[Start of section]
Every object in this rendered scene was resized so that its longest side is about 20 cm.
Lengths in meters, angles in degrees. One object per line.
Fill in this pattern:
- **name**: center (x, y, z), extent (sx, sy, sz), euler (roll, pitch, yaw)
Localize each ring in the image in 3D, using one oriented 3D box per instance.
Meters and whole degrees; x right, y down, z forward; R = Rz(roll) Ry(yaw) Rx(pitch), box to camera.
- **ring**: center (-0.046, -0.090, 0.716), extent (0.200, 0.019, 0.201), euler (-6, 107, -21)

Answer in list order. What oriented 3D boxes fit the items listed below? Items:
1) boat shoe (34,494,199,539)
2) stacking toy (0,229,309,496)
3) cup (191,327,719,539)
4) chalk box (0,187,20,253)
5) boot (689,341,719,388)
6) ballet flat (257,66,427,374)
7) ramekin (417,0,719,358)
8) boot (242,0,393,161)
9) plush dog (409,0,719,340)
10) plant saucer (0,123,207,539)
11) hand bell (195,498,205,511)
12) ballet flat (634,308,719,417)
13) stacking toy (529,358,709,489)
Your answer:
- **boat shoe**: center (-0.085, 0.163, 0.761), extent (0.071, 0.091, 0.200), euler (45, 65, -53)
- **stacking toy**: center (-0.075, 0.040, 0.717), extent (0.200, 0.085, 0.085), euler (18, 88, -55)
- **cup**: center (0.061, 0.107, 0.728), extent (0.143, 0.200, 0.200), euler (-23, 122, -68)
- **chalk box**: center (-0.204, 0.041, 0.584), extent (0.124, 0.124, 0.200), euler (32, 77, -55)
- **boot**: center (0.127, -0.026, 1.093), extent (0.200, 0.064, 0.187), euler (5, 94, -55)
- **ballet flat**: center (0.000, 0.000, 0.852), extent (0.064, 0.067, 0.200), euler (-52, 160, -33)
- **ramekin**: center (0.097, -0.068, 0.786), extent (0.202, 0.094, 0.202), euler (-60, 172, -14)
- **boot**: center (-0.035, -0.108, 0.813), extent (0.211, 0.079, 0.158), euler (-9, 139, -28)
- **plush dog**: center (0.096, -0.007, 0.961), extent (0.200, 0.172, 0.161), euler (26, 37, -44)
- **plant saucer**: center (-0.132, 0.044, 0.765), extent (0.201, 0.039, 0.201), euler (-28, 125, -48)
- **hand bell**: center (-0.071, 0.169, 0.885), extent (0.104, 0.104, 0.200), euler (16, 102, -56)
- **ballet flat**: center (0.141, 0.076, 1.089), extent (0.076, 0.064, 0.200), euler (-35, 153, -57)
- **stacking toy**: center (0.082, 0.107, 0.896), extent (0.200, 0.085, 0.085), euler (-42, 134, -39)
[End of section]
[Start of section]
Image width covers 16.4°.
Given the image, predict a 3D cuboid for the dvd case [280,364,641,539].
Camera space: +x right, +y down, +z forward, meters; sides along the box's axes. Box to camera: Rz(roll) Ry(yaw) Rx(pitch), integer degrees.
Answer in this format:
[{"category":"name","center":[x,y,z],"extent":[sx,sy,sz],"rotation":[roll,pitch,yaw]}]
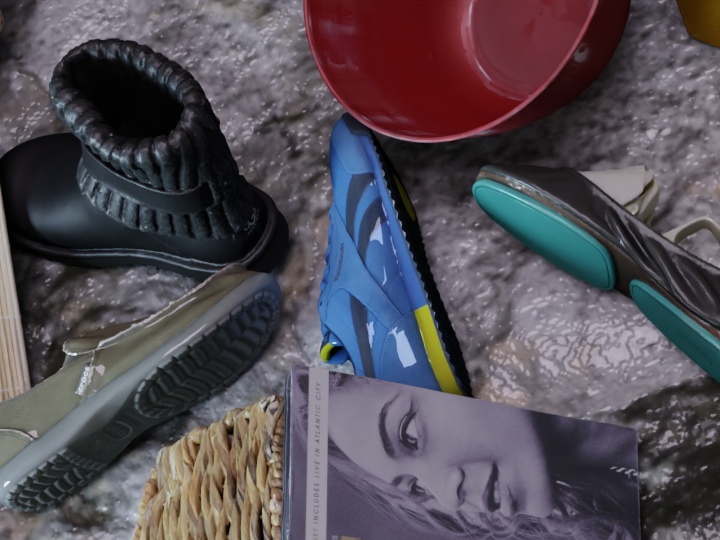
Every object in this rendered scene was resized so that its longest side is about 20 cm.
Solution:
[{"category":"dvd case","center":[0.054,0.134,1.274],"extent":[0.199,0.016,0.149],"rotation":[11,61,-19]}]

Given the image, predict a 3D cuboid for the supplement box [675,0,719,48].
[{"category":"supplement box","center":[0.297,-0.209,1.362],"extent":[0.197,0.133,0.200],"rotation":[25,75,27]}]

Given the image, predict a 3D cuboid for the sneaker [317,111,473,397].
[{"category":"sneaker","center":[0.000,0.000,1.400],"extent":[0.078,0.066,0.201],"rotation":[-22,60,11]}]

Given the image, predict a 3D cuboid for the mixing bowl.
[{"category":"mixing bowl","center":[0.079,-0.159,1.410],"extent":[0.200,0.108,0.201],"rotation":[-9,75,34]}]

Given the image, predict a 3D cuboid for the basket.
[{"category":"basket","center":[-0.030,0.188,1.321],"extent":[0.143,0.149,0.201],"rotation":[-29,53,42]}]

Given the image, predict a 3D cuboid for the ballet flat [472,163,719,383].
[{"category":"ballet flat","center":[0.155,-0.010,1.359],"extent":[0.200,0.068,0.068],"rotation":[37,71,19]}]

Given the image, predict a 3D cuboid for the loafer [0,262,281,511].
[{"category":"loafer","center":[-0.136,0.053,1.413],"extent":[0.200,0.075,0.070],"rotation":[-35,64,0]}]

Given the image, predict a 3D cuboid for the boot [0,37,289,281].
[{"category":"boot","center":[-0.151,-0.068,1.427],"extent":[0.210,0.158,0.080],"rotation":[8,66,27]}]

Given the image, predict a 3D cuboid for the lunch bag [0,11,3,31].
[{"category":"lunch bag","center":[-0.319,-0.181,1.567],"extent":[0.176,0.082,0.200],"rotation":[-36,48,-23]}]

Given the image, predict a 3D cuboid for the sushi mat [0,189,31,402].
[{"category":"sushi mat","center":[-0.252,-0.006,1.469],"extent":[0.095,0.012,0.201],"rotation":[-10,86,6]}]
[End of section]
Required work » If a line in the entries contains the word "this", copy that line out.

Task answer »
Every object in this rendered scene was resized so that its longest side is about 20 cm.
Fill in this pattern:
Answer in this format:
Every object in this rendered scene was resized so that its longest side is about 20 cm.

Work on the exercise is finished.